9. Manners and Why Bother
Manners in some respects may be outdated and old fashioned but why is it that we let them collect that dust in the first place? Our tech-driven lives may have outlived ‘guys always paying on a date’ but nothing will ever outlive the relevance of “please” and “thank you” even network protocols utilizes “please”, “thank you” and even ‘handshakes’; networking simply wouldn’t work without it. Respect, whole reason for manners seems to have been the baby thrown out with the bathwater. What more basic social principle is there? Respect for others, respect for varying opinions, respect for property, respect for differences in race and background, respect for one’s self. It’s not easy to teach respect but if we teach and insist on manners, respect will follow. Can you imagine a world where this was commonplace?

10. Dreaming Big/Setting Goals
Overwhelmingly, the most successful people in the world know what they want, and have it written down along with a plan to achieve it. Any questions? Class dismissed.

Maybe all this stuff shouldn’t the job of public schools. We’re having a hard enough time keeping sports, music and art programs alive which all offer invaluable lessons in confidence, character and life skills far beyond making music, art and tackles. All I know is that some aspects the post war education system designed around the work-for-forty-years-for-the-same-employer paradigms is churning out ill-equip kids and ultimately an ill-equip society.

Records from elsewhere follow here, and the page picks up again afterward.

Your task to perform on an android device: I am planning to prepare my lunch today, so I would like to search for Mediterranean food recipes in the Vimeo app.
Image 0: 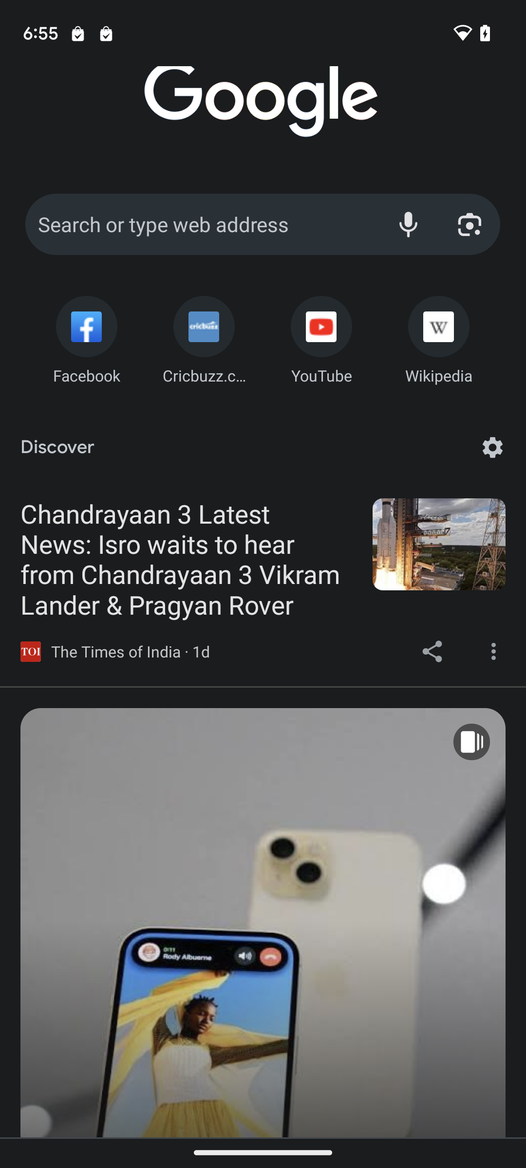
open the vimeo app
Step 0: open app "Vimeo"
Image 1: 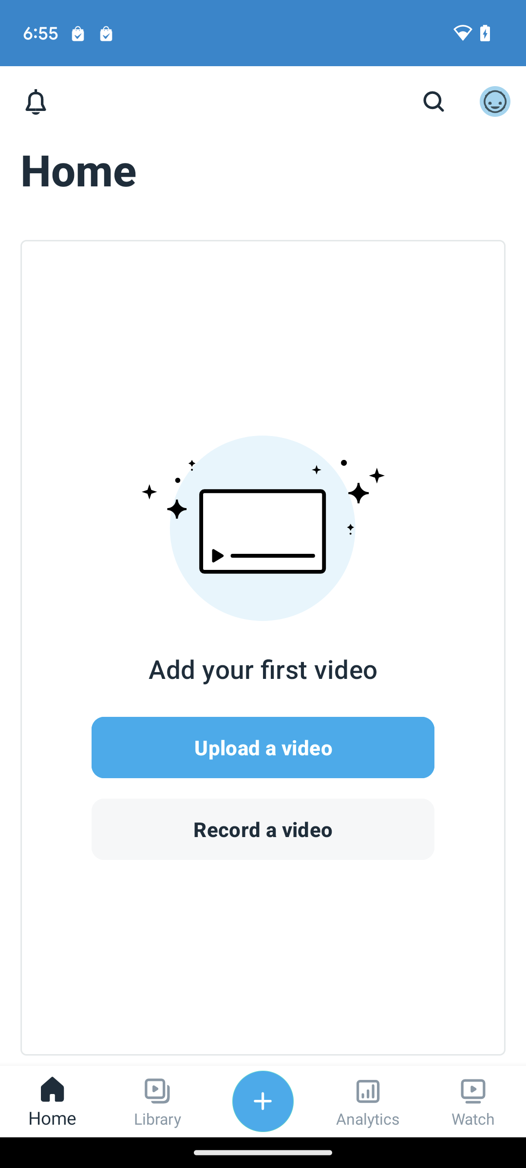
click on the search icon on the screen.
Step 1: click (433, 102)
Image 2: 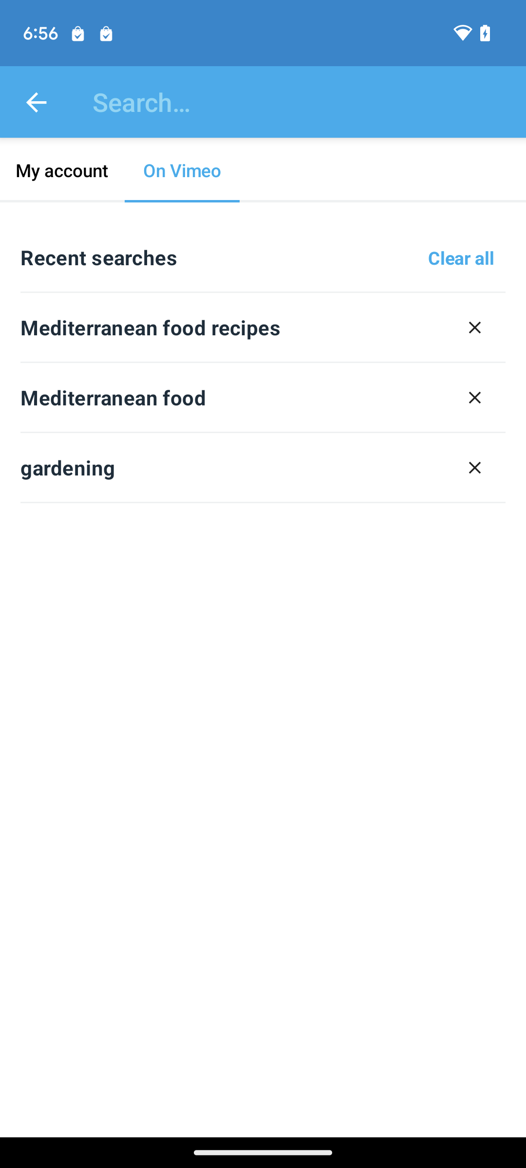
click on the search bar
Step 2: click (306, 102)
Image 3: 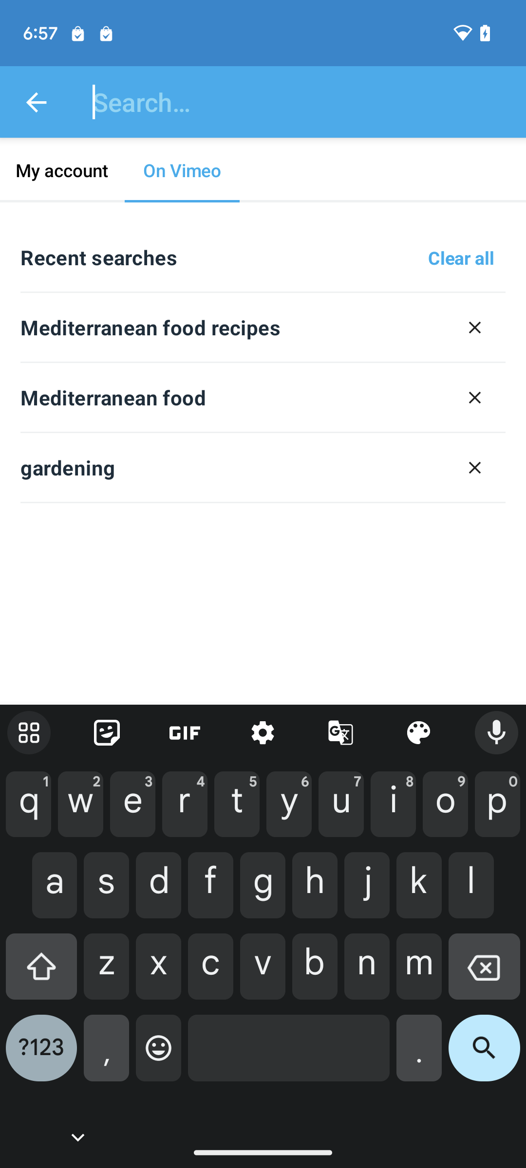
search for Mediterranean food recipies
Step 3: type "Mediterranean food recipies"
Image 5: 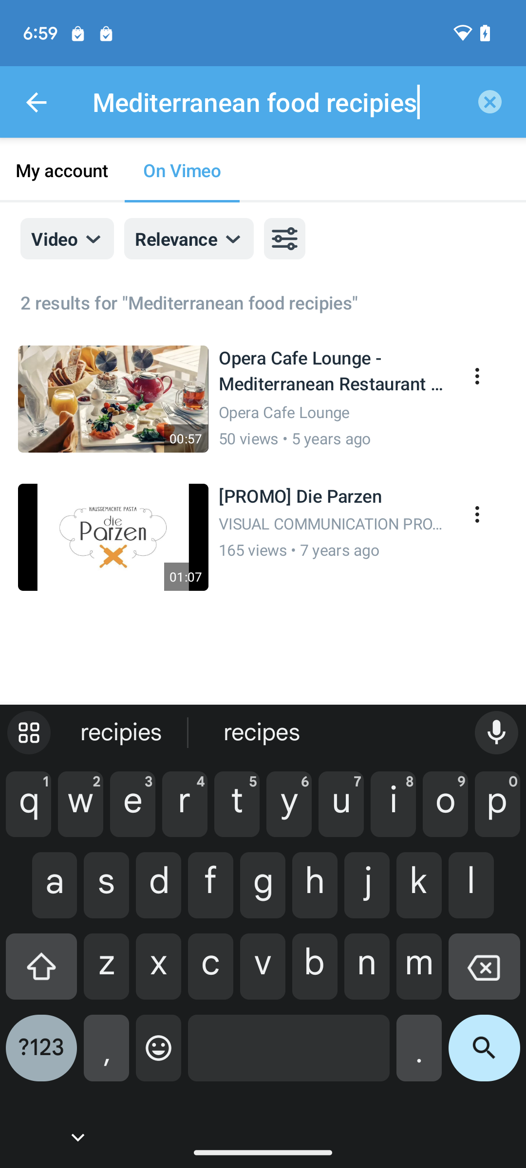
click on the search icon
Step 5: click (484, 1056)

I’m out of school now it’s too late for me. I’m already just an ornery old man who occasionally complains in his blog.

Or is it?

1 comment:

Heidi Macomber said...

Hi Joel, nice blog!

This article was great. I like #4,5,6, and most of all #8.

There are too many rules that directly relate to being a number just like the kid next to you. Schools are so focused on keeping order that they forget to focus on how these few simple points have everything to do with obtaining it.

I'd hate to be a kid in school these days. I don't think I could take the pressure.